- Artist: Gerard David
- Year: c.1515
- Medium: oil paint, panel
- Movement: Early Netherlandish painting
- Dimensions: 81 cm (32 in) × 58 cm (23 in)
- Location: Royal Museum of Fine Arts Antwerp;
- Accession: 47

= Rest on the Flight into Egypt (David, Antwerp) =

Painting by Gerard David

The Rest on the Flight into Egypt is an oil painting by the Early Netherlandish painter Gerard David. It was painted around 1515 and is now in the Royal Museum of Fine Arts Antwerp. It can be compared with other works by David which depict the same subject, including paintings located in Madrid, Washington and New York and a Virgin and Child in Rotterdam.

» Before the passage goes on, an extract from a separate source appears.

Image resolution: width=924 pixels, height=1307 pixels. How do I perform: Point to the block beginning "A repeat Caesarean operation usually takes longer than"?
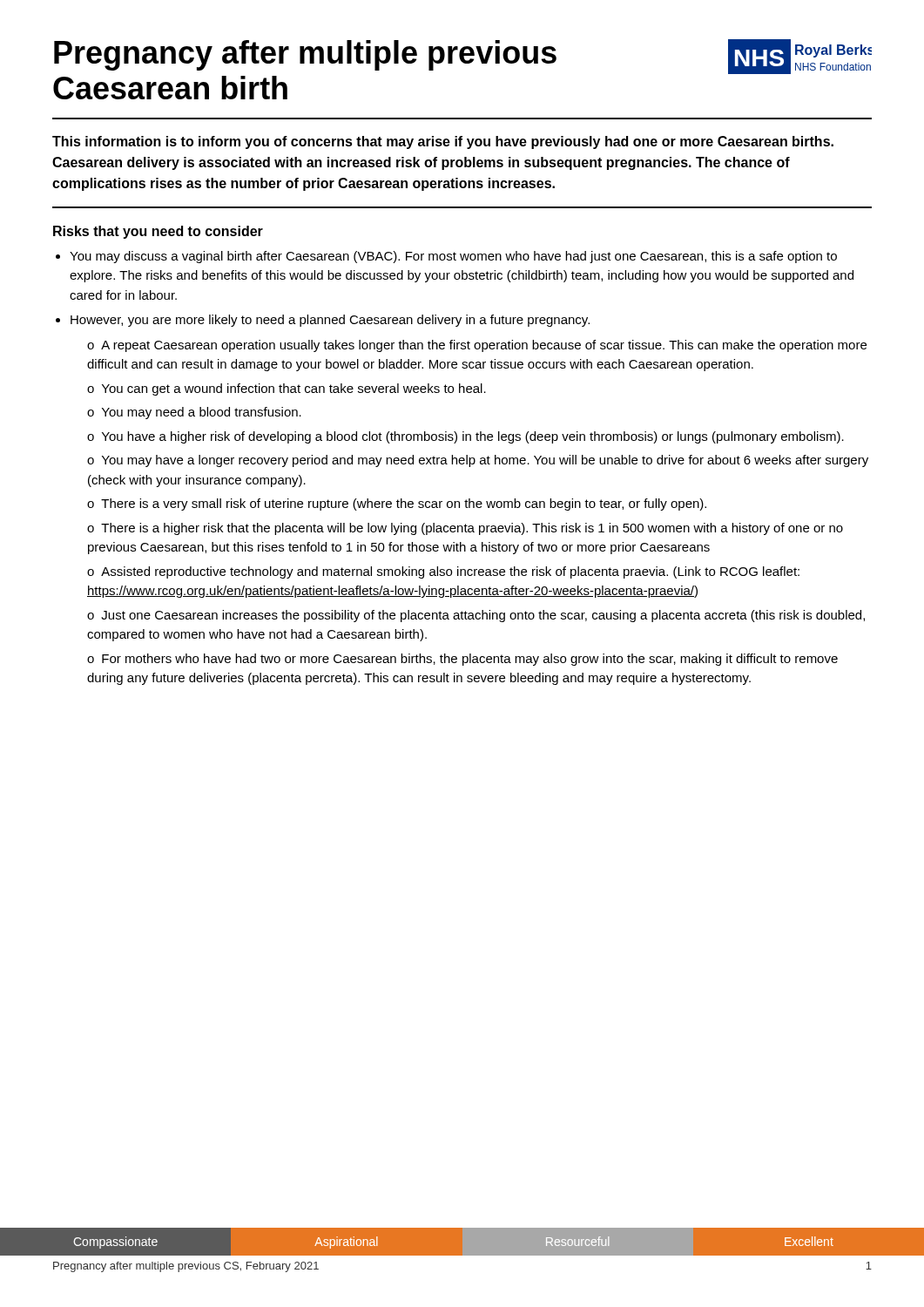[477, 354]

The Flight into Egypt derives from the Gospel of Matthew (II.13-18), though it does not mention a rest, which derives from apocryphal accounts. It was a popular theme for painters in many periods. David painted it on several occasions using different compositions, possibly not as the result of commissions but simply painted to put on the open market. Many of them are near-identical but for a few small details. However, in all of them David focuses attention on the seated Virgin Mary breastfeeding the Christ Child, enthroned in front of a deep forest landscape background. In the far background there is usually a scene related to either the rest or the journey to Egypt.

The Antwerp version replaces the Prado version's background scene of the Flight into Egypt with a scene of Joseph and the donkey resting. It is held by some to be a copy by Adrian Isenbrandt.